15.4. Error Handling

Note

This section only applies to the execution using the IPU embedded application runtime. If you are using the XLA/Poplar runtime see Error Handling.

These errors and exceptions occur when running a Poplar program. The full list of all the exceptions and their meanings can be found in the Poplar documentation in the Exceptions section of the Poplar API reference manual.

These runtime errors are handled in the following manner:

  • application_runtime_error - a tensorflow.errors.InternalError error is raised. The error message contains the reason why the error occurred. An IPU reset will be performed before the next execution. All requests which have already been enqueued before the exception occurred will return the error. Any new requests will be processed after the IPU reset is complete.

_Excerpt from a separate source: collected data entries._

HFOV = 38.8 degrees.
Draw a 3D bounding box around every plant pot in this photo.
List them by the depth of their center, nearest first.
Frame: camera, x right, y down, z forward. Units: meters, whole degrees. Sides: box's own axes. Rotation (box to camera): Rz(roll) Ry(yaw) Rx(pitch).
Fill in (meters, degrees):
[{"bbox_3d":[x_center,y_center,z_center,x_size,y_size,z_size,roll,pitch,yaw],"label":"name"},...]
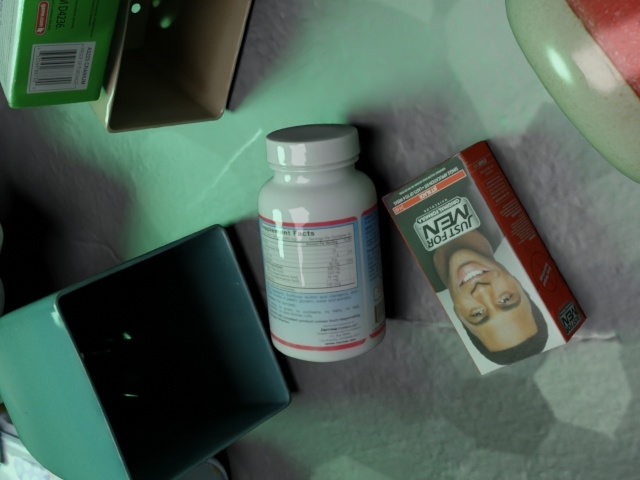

  • recoverable_runtime_error with a recovery action poplar::RecoveryAction::IPU_RESET - a tensorflow.errors.InternalError error is raised. The error message contains the reason why the error occurred. An IPU reset will be performed before the next execution. All requests which have already been enqueued before the exception occurred will return the error. Any new requests will be processed after the IPU reset is complete.

  • Unknown runtime errors - a tensorflow.errors.Unknown error is raised. The error message might contain the reason why the error occurred. When these errors occur manual intervention is required before the system is operational again. The IPU will not be reset and all requests will return the error.

  • All other runtime errors - a tensorflow.errors.InternalError error is raised. The error message might contain the reason why the error occurred. When these errors occur manual intervention might be required before the system is operational again. The error message might contain a required recovery action. The IPU will not be reset and all requests will return the error.